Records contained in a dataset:
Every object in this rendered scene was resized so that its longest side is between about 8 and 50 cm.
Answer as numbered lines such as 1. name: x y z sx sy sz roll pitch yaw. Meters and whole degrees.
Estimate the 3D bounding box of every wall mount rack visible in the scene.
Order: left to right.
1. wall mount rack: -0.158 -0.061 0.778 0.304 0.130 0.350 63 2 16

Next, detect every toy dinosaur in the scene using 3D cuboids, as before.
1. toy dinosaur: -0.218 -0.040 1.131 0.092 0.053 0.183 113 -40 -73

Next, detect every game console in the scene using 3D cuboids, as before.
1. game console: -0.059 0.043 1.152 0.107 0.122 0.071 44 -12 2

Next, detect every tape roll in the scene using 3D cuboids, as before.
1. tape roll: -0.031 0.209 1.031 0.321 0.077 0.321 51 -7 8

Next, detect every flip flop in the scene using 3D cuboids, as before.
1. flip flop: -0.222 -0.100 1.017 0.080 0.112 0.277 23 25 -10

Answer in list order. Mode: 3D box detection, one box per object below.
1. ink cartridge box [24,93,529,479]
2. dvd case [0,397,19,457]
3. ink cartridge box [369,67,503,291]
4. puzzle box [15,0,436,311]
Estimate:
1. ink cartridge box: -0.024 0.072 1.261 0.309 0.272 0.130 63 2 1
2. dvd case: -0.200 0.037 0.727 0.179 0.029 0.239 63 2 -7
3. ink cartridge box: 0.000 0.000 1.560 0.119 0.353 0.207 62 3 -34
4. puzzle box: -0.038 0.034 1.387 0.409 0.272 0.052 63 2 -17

● **What this task involves**: Exact copies of all the records are required.

● **Task response**:
Every object in this rendered scene was resized so that its longest side is between about 8 and 50 cm.
Answer as numbered lines such as 1. name: x y z sx sy sz roll pitch yaw. Meters and whole degrees.
Estimate the 3D bounding box of every wall mount rack visible in the scene.
Order: left to right.
1. wall mount rack: -0.158 -0.061 0.778 0.304 0.130 0.350 63 2 16

Next, detect every toy dinosaur in the scene using 3D cuboids, as before.
1. toy dinosaur: -0.218 -0.040 1.131 0.092 0.053 0.183 113 -40 -73

Next, detect every game console in the scene using 3D cuboids, as before.
1. game console: -0.059 0.043 1.152 0.107 0.122 0.071 44 -12 2

Next, detect every tape roll in the scene using 3D cuboids, as before.
1. tape roll: -0.031 0.209 1.031 0.321 0.077 0.321 51 -7 8

Next, detect every flip flop in the scene using 3D cuboids, as before.
1. flip flop: -0.222 -0.100 1.017 0.080 0.112 0.277 23 25 -10

Answer in list order. Mode: 3D box detection, one box per object below.
1. ink cartridge box [24,93,529,479]
2. dvd case [0,397,19,457]
3. ink cartridge box [369,67,503,291]
4. puzzle box [15,0,436,311]
Estimate:
1. ink cartridge box: -0.024 0.072 1.261 0.309 0.272 0.130 63 2 1
2. dvd case: -0.200 0.037 0.727 0.179 0.029 0.239 63 2 -7
3. ink cartridge box: 0.000 0.000 1.560 0.119 0.353 0.207 62 3 -34
4. puzzle box: -0.038 0.034 1.387 0.409 0.272 0.052 63 2 -17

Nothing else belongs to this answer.